*DESCRIPTION OF THE TASK*
Copy out each line of the entries where the word "person" is present.

Saved data entries:
=-=-=-=-=
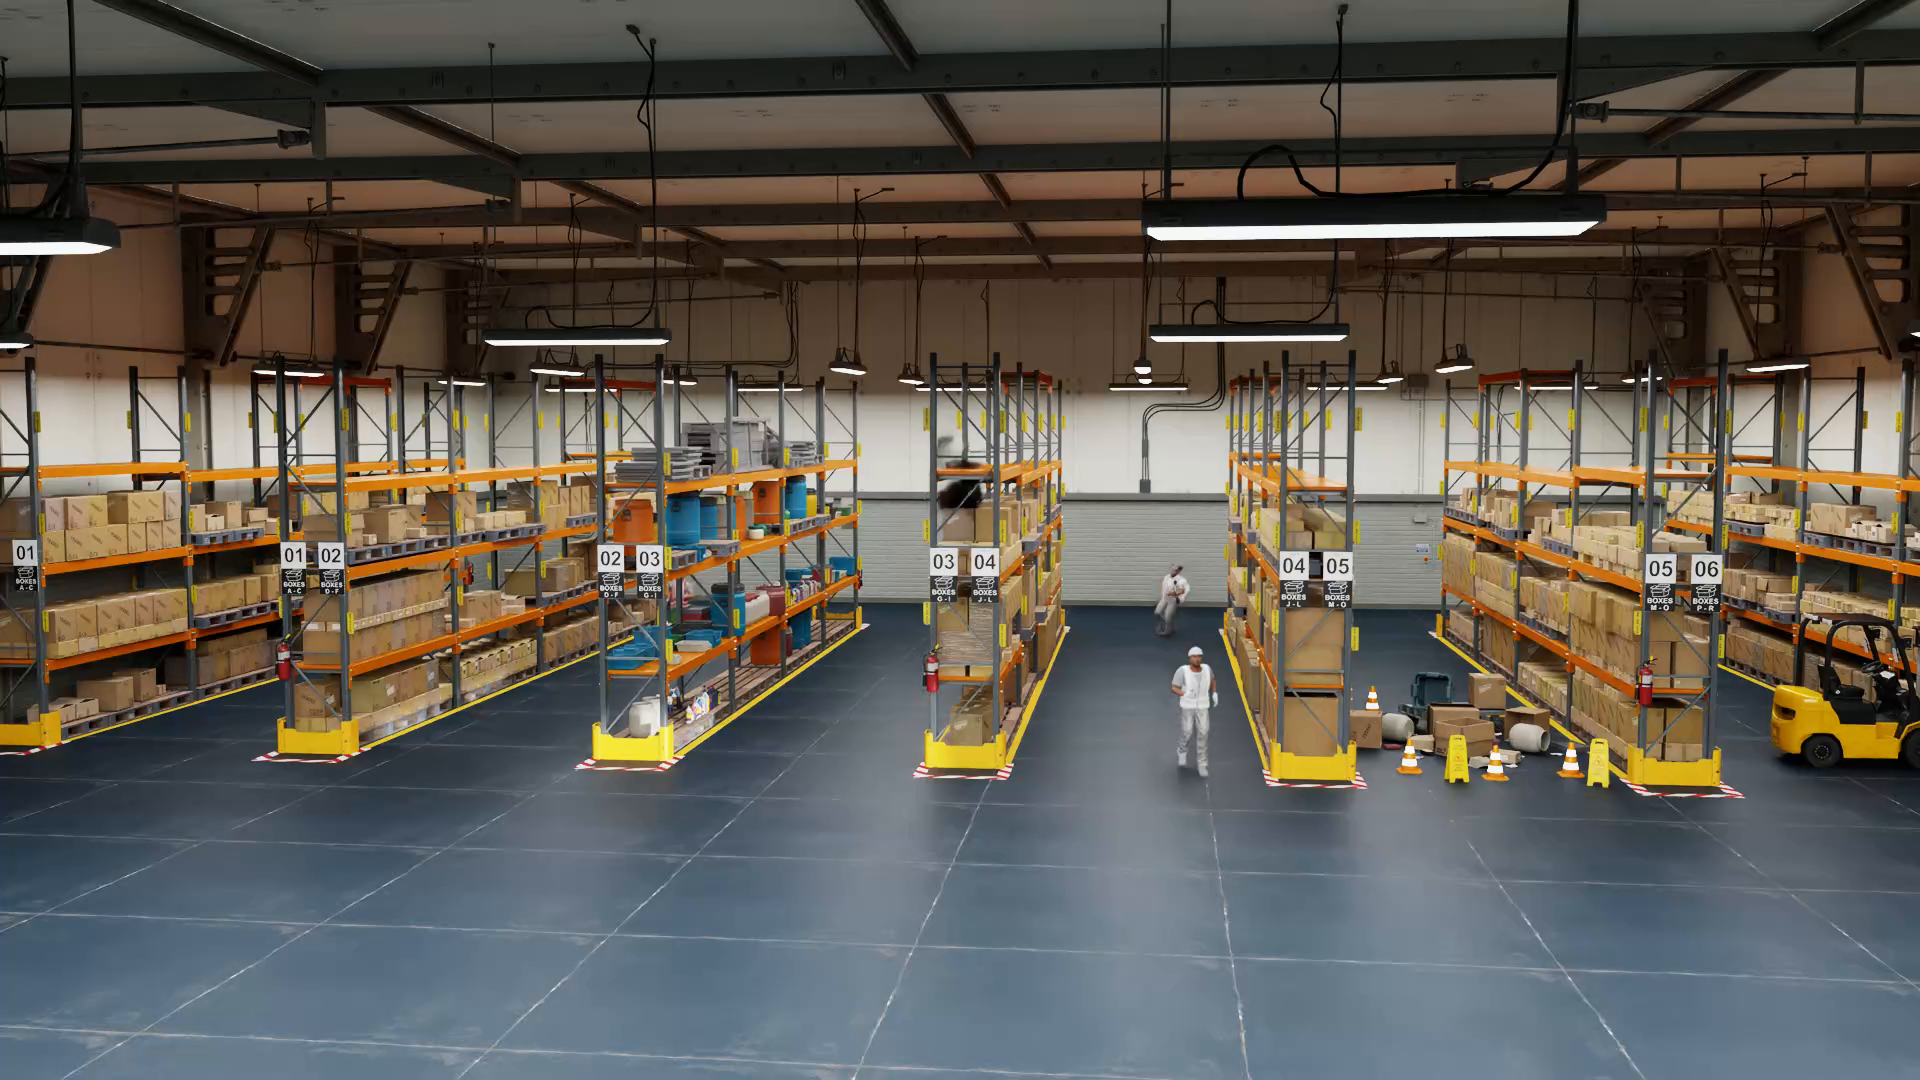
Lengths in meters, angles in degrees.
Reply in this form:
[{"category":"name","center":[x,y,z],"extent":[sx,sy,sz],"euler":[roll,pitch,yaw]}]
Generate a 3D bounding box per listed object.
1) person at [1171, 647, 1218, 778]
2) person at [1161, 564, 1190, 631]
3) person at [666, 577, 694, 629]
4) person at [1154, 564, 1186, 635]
=-=-=-=-=
*REPLY TO THE TASK*
1) person at [1171, 647, 1218, 778]
2) person at [1161, 564, 1190, 631]
3) person at [666, 577, 694, 629]
4) person at [1154, 564, 1186, 635]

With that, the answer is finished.